Unconfigured Ad

Collapse
X
 
  • Filter
  • Time
  • Show
Clear All
new posts
  • Vanisha
    Member
    • Nov 2009
    • 21

    Novoalign alignment script help (perl)

    Hello
    Can anyone help with a perl script I have written to align multiple fastq files using novoalign. I am having trouble declaring the sample name into the script, so that once the alignments are complete, it is output with the correct sample name
    So far I have this:

    #!/usr/bin/perl
    use strict;

    my $sample;
    chomp (my @fastq_R1list=`ls ./300bp_fastq/${sample}*R1_001.fastq.gz`);
    chomp (my @fastq_R2list=`ls ./300bp_fastq/${sample}*R2_001.fastq.gz`);

    while ($#fastq_R1list>0) {

    my $fastq1=pop(@fastq_R1list);
    my $fastq2=pop(@fastq_R2list);

    if (! -e "$fastq1"){die "no fastq.gz file found for $fastq1\n";}
    if (! -e "$fastq2"){die "no fastq.gz file found for $fastq2\n";}

    my $sam="\$\'\@RG\\tID:${sample}\\tSM:${sample}\\tPL:ILLUMINA\'";

    system ( "/novoalign -t 100 -H -F ILM1.8 -g 65 -x 7 -o FullNW -c 1 -o SAM $sam -f ./trimmed/${sample}.fastq1.trimmed.gz ./trimmed/${sample}.fastq2.trimmed.gz -d /reference_genomes/novo/human_g1k_v37.k15.s2.novoindex -k -K ./trimmed/${sample}_novocalibration > /dev/null" );
    system ( "/novoalign -t 100 -H -F ILM1.8 -g 65 -x 7 -o FullNW -c 1 -o SAM $sam -f ./trimmed/${sample}.fastq1.trimmed.gz ./trimmed/${sample}.fastq2.trimmed.gz -d /reference_genomes/novo/human_g1k_v37.k15.s2.novoindex -k ./trimmed/${sample}_novocalibration > ./trimmed/${sample}.sam" );
    system ("rm ./trimmed/${sample}.fastq1.trimmed.gz ./trimmed/${sample}.fastq2.trimmed.gz ./trimmed/${sample}_novocalibration" );

    }
    #./trimmed is the output folder

    No sam files are being output even though the script runs. It's as though the sample names are not being declared but I though I did that with:
    my $sample;
    chomp (my @fastq_R1list=`ls ./300bp_fastq/${sample}*R1_001.fastq.gz`);
    chomp (my @fastq_R2list=`ls ./300bp_fastq/${sample}*R2_001.fastq.gz`);

    I am pretty new to perl! Any help is appreciated.

    Thanks
    Vanisha
  • boetsie
    Senior Member
    • Feb 2010
    • 245

    #2
    Hi Vanisha,

    I don't know if this solves your problem, but it looks like you declared the variable $sample but did not attach a name to it. So $sample is still empty.

    Regards,
    Boetsie

    Comment

    • Vanisha
      Member
      • Nov 2009
      • 21

      #3
      Hi Boetsie

      I have a sample list relating to $sample in the command:
      chomp (my @fastq_R1list=`ls ./300bp_fastq/${sample}*R1_001.fastq.gz`);

      When I do:
      chomp (my $sample = `ls ./sample`);

      it still doesn't identify the sample list to input into ${sample}

      Comment

      • GenoMax
        Senior Member
        • Feb 2008
        • 7142

        #4
        Since you are using relative paths, are you running your perl script from a directory that is immediately above the "300bp_fastq" directory?

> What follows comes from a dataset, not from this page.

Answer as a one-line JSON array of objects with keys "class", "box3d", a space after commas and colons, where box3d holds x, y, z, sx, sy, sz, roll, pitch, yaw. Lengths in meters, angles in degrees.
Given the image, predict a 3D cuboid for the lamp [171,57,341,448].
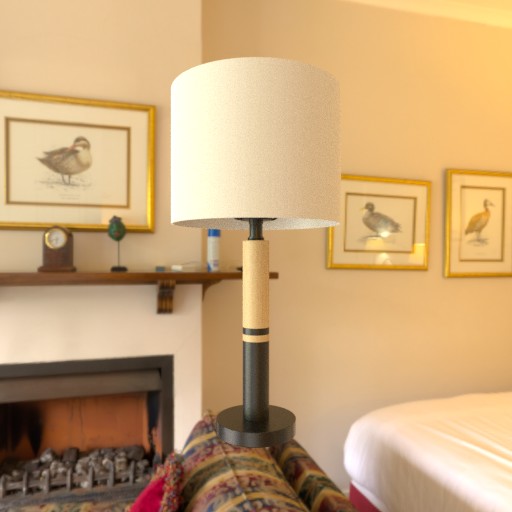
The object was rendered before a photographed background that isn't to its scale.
[{"class": "lamp", "box3d": [0.000, 0.000, 0.810, 0.305, 0.640, 0.305, 0, 0, 36]}]

        As "boetsie" pointed out above there is nothing attached to $sample. Are you actually getting a listing if you run "ls ./300bp_fastq/${sample}*R1_001.fastq.gz" on the shell prompt?
        Last edited by GenoMax; 02-07-2013, 04:37 AM.

        Comment

        • Vanisha
          Member
          • Nov 2009
          • 21

          #5
          yes, this is the output from the command line:

          ls ./300bp_fastq/${sample}*R1_001.fastq.gz | head
          ./300bp_fastq/sample1.fastq.gz
          ./300bp_fastq/sample2.fastq.gz
          ./300bp_fastq/sample3.fastq.gz
          ./300bp_fastq/sample4.fastq.gz
          etc..

          and I am running the script from directory above 300bp_fastq.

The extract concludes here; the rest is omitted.